The People and Partnerships
Maud Amon-Tanoh, Country Director for Francophone West Africa, reflects on what made IPA Burkina Faso special:
"When I visited the office, I was amazed by how welcoming the people are—the culture, the hospitality. The team had that same warmth and resilience."
She emphasizes the depth of partnerships built over the years:
"The collaboration with ministries, with organizations like UNICEF and Development Media International (DMI)—these relationships were built on years of trust and mutual respect."
“IPA in Burkina Faso represented an important partner for us. We began working together around 2016 and conducted three major studies together. IPA helped us strengthen our capacity to conduct randomized trials. The team consistently demonstrated attention to detail and the ability to solve problems pragmatically when challenges arose in the field,” said Bassirou Kagone, Country Director, DMI.
For Adama Sankoudouma, a Senior Research Associate with IPA Burkina Faso, the experience at the Burkina Faso office reinforced a core conviction: "My time with IPA showed me how scientific rigor can be consistently put at the service of public action. It strengthened my belief that research only has real value when it is useful, contextualized, and accessible—both to decision-makers and to local communities."
A Legacy That Endures
If the work was so successful, the team so dedicated, the partnerships so strong—why close?
"In a context where development financing is tightening, IPA is making thoughtful, strategic decisions about our geographic footprint to better deliver on our mission and drive real change," explains Claudia Casarotto, IPA's Chief Global Programs Officer.
While the Burkina Faso office is closing, its work continues.
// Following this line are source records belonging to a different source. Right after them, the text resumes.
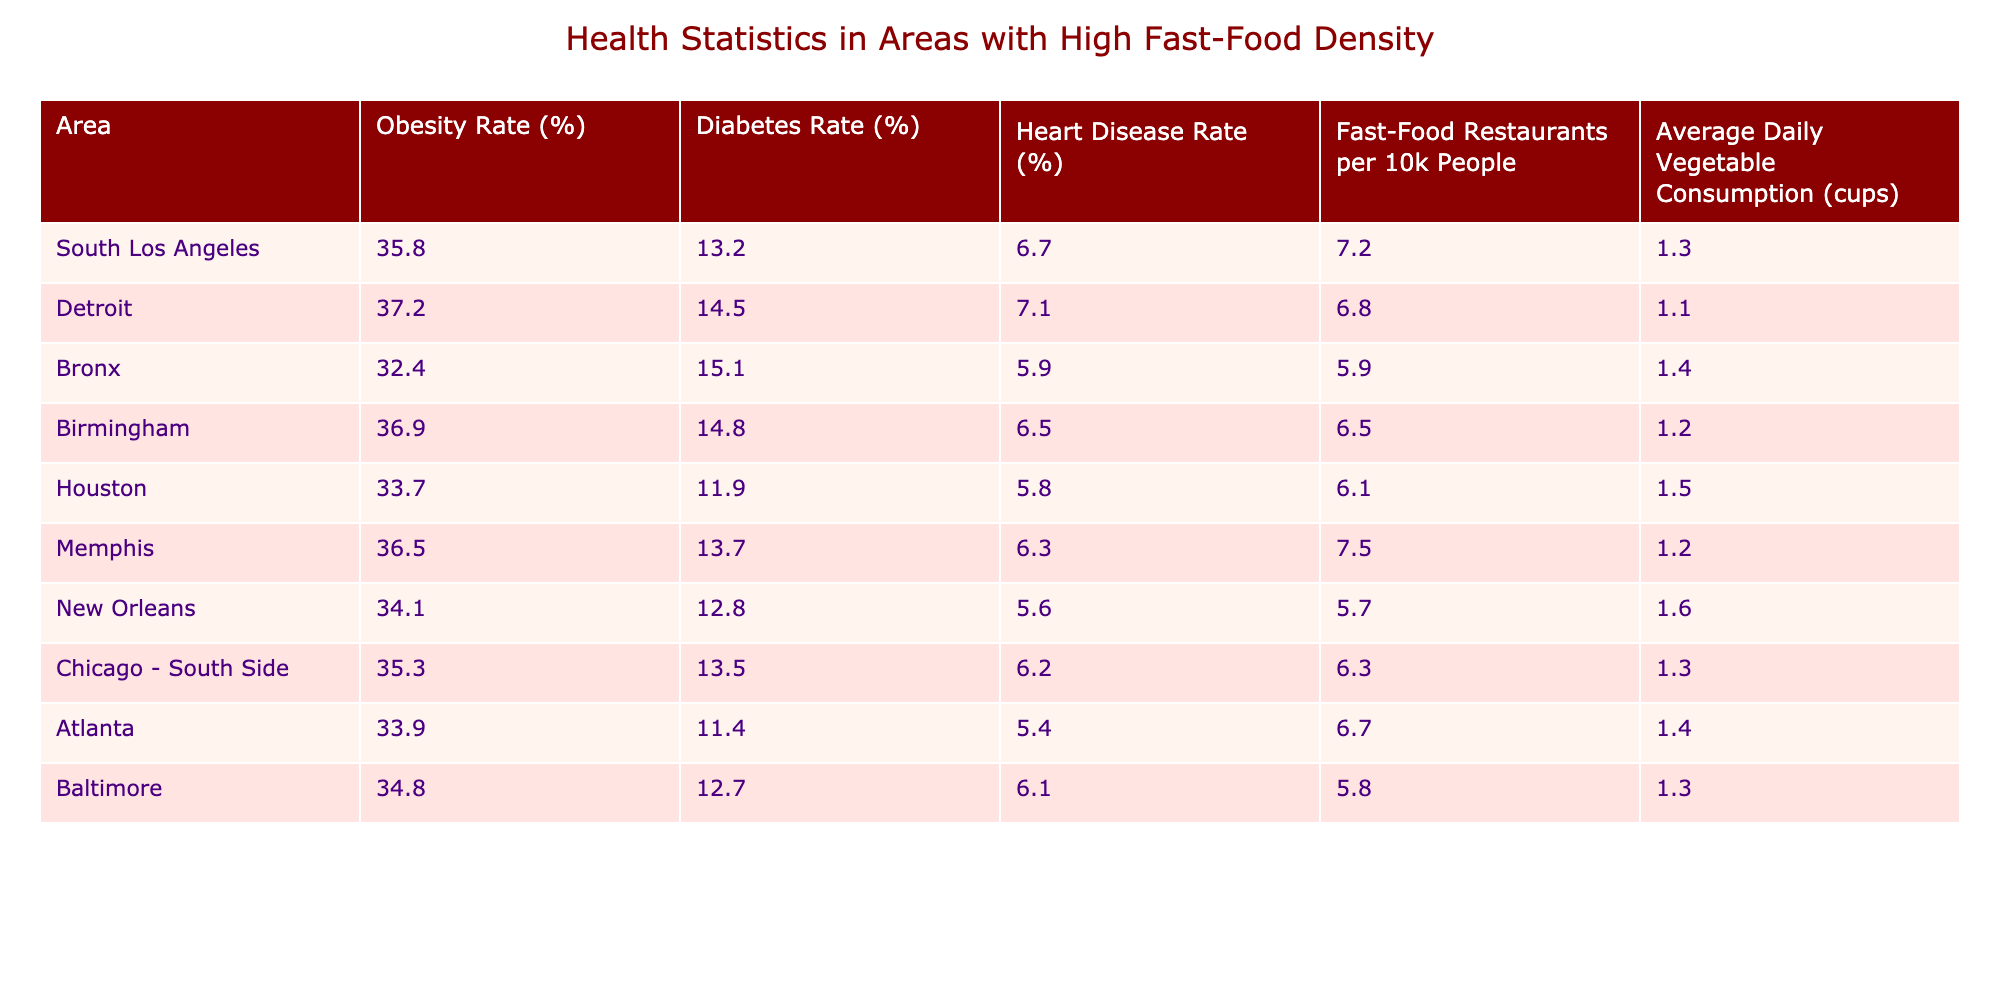What is the obesity rate in Detroit? The table lists Detroit's obesity rate directly under the "Obesity Rate (%)" column, which is 37.2%.
Answer: 37.2% Which area has the highest heart disease rate? By comparing the heart disease rates in each area from the "Heart Disease Rate (%)" column, Detroit has the highest rate at 7.1%.
Answer: Detroit What is the average daily vegetable consumption in New Orleans? The table shows the average daily vegetable consumption in New Orleans under the "Average Daily Vegetable Consumption (cups)" column, which is 1.6 cups.
Answer: 1.6 What is the total number of fast-food restaurants per 10,000 people in South Los Angeles and Chicago - South Side combined? The total is calculated by adding the fast-food restaurant densities: South Los Angeles (7.2) + Chicago - South Side (6.3) = 13.5.
Answer: 13.5 Is the average daily vegetable consumption higher in Houston compared to Detroit? Houston has an average of 1.5 cups, while Detroit has 1.1 cups; thus, the average in Houston is higher.
Answer: Yes Which area has a higher obesity rate: Birmingham or Memphis? Birmingham's obesity rate is 36.9%, while Memphis's is 36.5%. Therefore, Birmingham has a higher rate.
Answer: Birmingham What is the difference in diabetes rate between the Bronx and Atlanta? The difference is calculated by subtracting Atlanta’s diabetes rate (11.4%) from the Bronx’s (15.1%), resulting in 15.1 - 11.4 = 3.7.
Answer: 3.7 Which two areas have the lowest average daily vegetable consumption? The areas with the lowest consumption are Detroit (1.1 cups) and Birmingham (1.2 cups).
Answer: Detroit and Birmingham What percentage of areas listed have an obesity rate above 35%? Out of the 10 areas, 6 have an obesity rate above 35% (South Los Angeles, Detroit, Birmingham, Memphis, Chicago - South Side). Therefore, 6 out of 10 is 60%.
Answer: 60% Is the fast-food restaurant density in New Orleans higher than in Houston? New Orleans has a density of 5.7, and Houston has a density of 6.1. Since 5.7 < 6.1, the density in New Orleans is lower.
Answer: No

IPA's Francophone West Africa office in Côte d'Ivoire will carry forward regional initiatives. Partnerships with implementing partners, academic institutions, and national researchers remain active.
The evidence generated will continue informing policy and practice. The capacity built in young researchers endures. And government programs scaled from Burkina Faso research—like the family planning campaign—still deliver impact.
"We showed that evidence-based policy can survive conflict, adapt to crisis, and still maintain the rigor that makes it trustworthy," Adama reflects. The combination of local teams, committed partners, and rigorous research is the lasting legacy of IPA Burkina Faso.